■ Task item
Only lines containing the string "mirror" belong in the answer; find them in the records and copy them.
*** Extracted data ***
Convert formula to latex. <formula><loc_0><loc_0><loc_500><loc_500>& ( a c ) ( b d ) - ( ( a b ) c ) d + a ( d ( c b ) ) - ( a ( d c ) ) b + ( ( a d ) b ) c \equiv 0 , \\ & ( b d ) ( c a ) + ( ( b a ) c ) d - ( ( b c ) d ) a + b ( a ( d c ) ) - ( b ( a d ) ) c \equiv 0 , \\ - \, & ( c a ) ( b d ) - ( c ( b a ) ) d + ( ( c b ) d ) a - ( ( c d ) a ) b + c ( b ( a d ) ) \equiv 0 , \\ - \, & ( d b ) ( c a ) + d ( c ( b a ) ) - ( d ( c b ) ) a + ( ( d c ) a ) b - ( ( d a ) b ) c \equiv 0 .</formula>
***
*** Extracted data ***
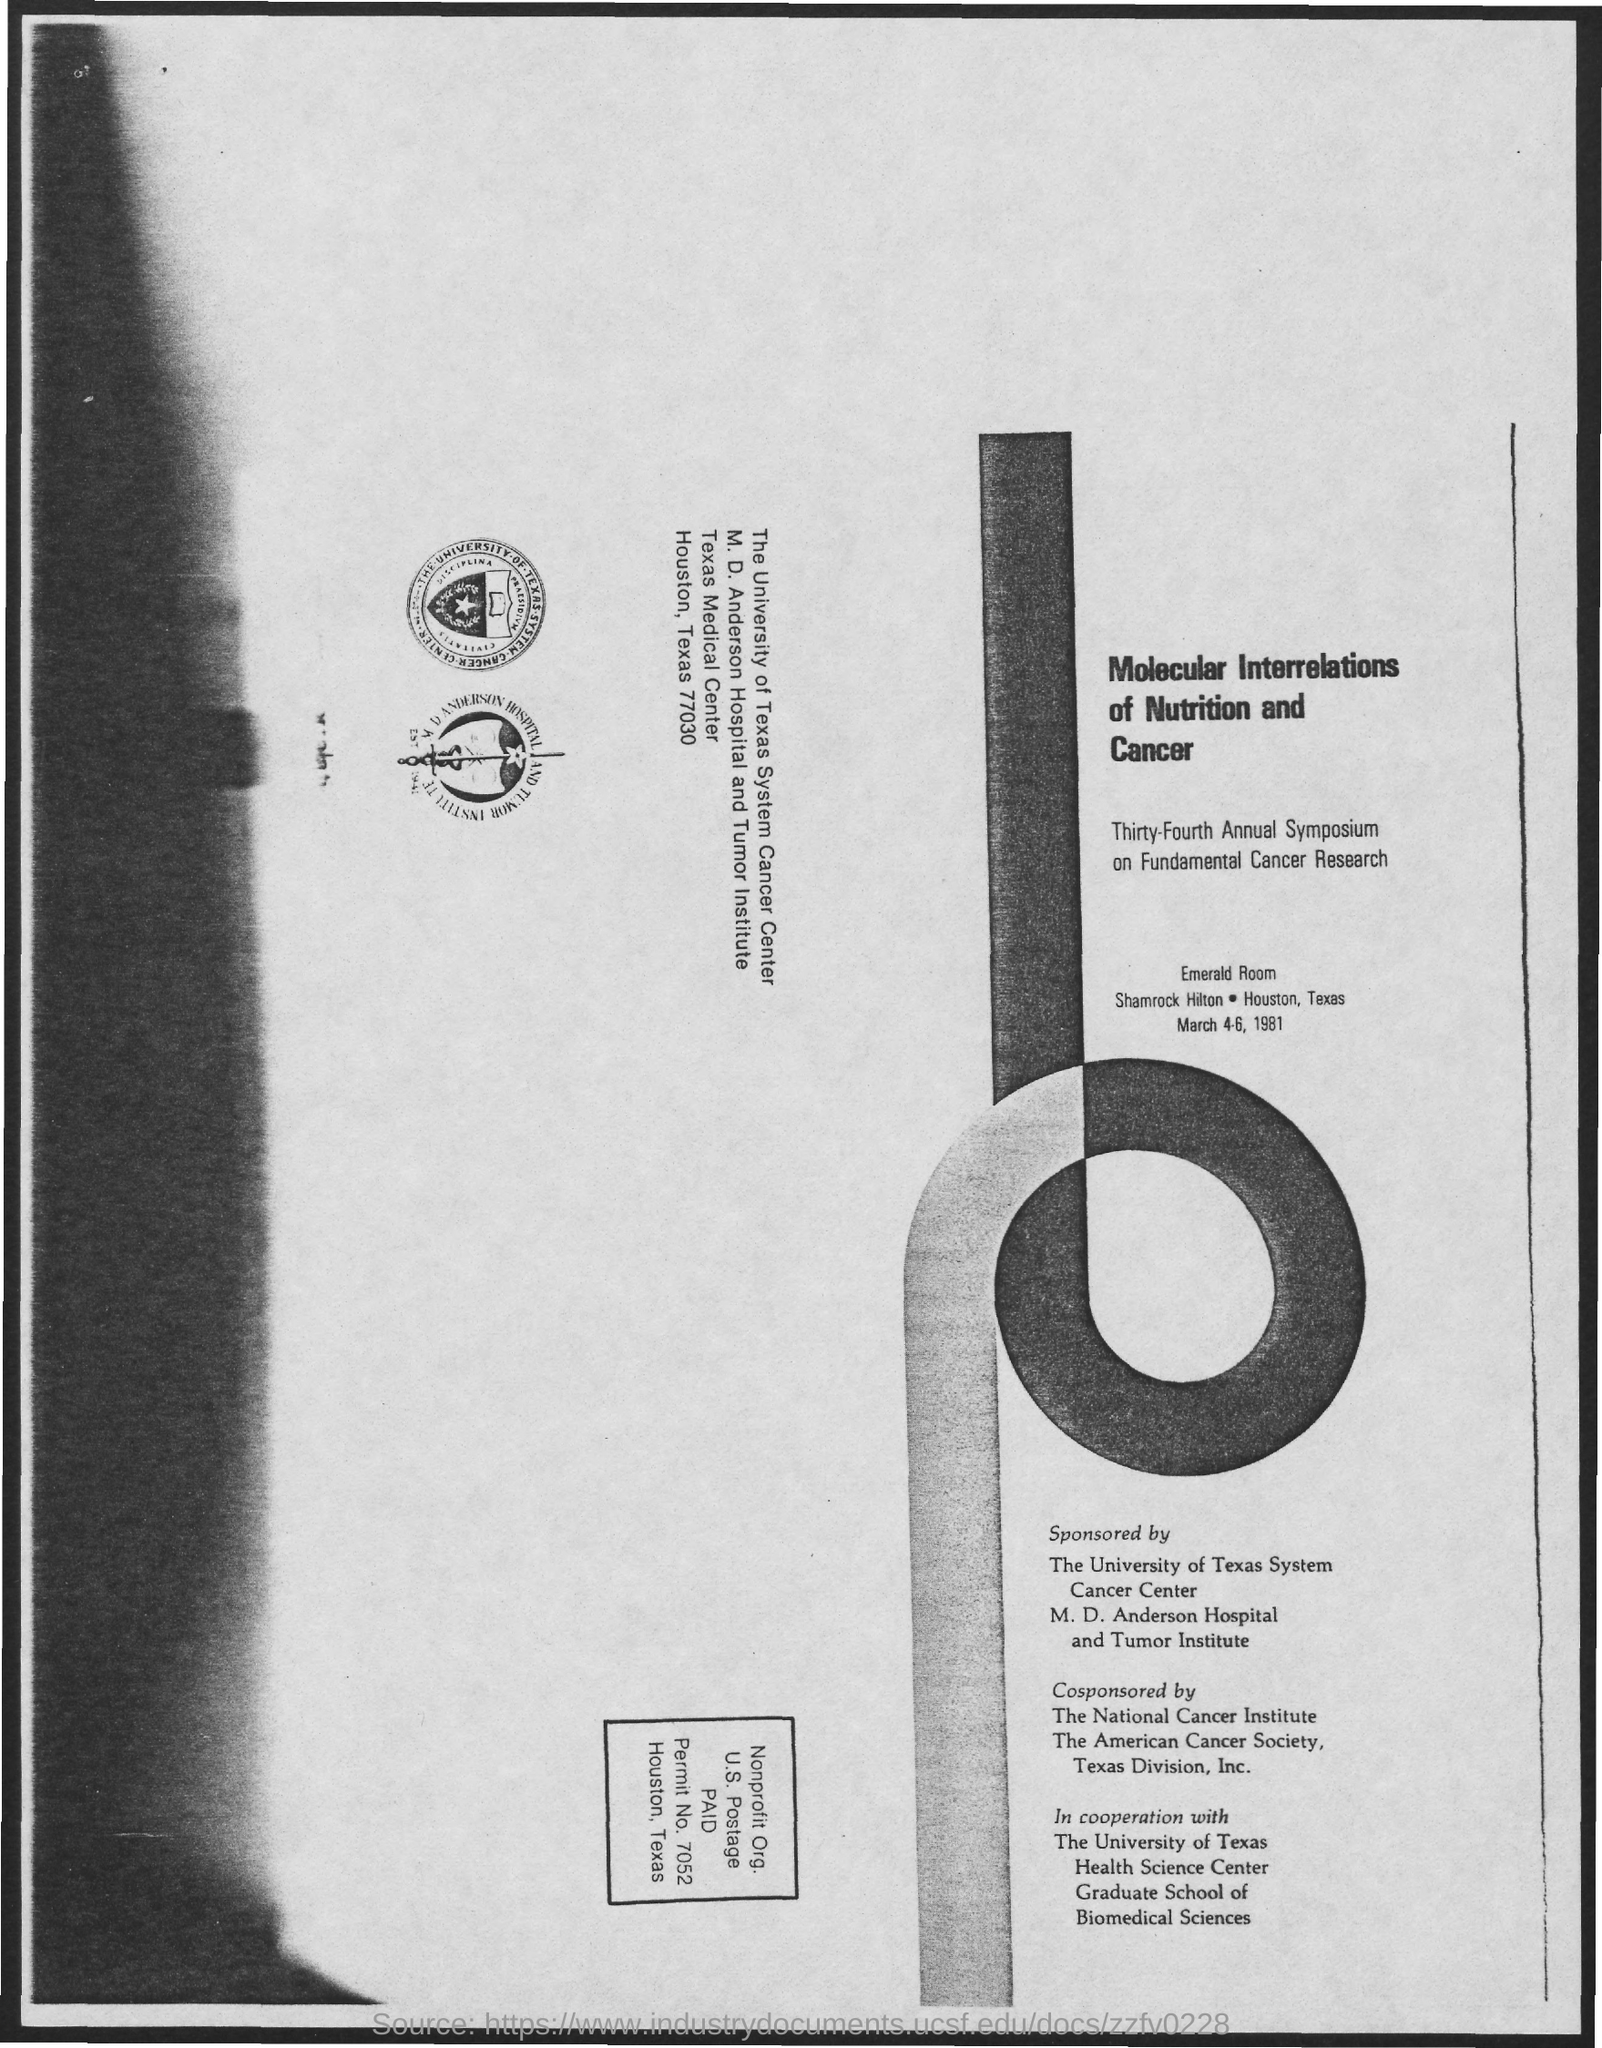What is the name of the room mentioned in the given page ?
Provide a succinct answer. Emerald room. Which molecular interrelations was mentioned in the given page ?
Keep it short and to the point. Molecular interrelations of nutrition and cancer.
***
*** Extracted data ***
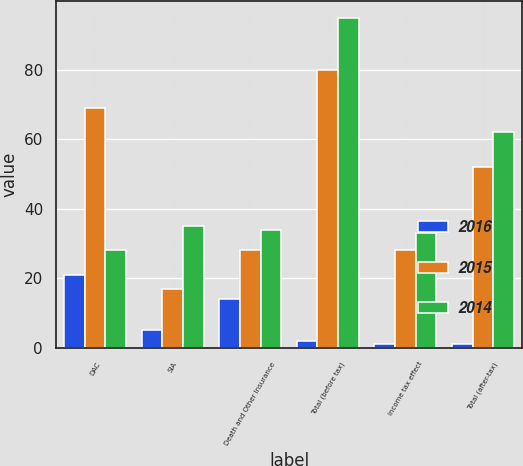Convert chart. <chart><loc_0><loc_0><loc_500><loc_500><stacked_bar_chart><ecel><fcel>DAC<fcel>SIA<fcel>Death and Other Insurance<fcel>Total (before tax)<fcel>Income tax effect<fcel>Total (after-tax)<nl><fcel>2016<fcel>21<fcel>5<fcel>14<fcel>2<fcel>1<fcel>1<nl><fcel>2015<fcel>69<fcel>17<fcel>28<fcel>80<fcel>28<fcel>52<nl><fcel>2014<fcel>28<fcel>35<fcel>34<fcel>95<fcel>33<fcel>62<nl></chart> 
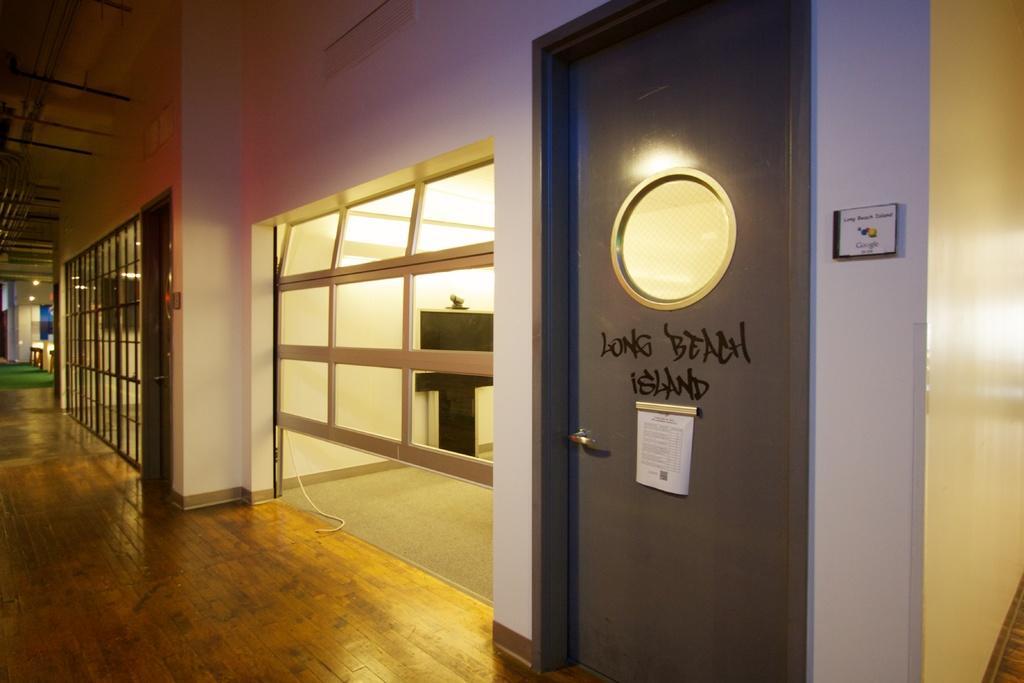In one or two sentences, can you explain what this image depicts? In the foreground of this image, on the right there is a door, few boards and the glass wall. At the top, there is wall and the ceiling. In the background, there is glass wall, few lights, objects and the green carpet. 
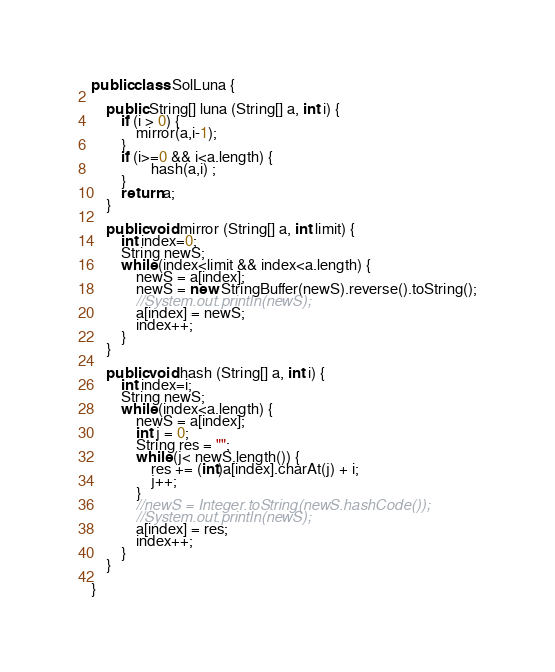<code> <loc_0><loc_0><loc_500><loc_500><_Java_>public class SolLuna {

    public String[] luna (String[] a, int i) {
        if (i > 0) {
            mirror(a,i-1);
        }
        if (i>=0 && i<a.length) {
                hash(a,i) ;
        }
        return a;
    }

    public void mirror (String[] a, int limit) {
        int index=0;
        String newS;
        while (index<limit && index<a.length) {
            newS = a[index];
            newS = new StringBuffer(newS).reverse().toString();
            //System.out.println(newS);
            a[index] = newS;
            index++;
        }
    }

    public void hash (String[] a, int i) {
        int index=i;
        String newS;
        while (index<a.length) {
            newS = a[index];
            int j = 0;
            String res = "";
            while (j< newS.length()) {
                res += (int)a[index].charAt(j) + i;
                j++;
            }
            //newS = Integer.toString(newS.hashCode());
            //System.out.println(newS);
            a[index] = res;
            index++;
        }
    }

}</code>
***
■ Your solution
            mirror(a,i-1);
    public void mirror (String[] a, int limit) {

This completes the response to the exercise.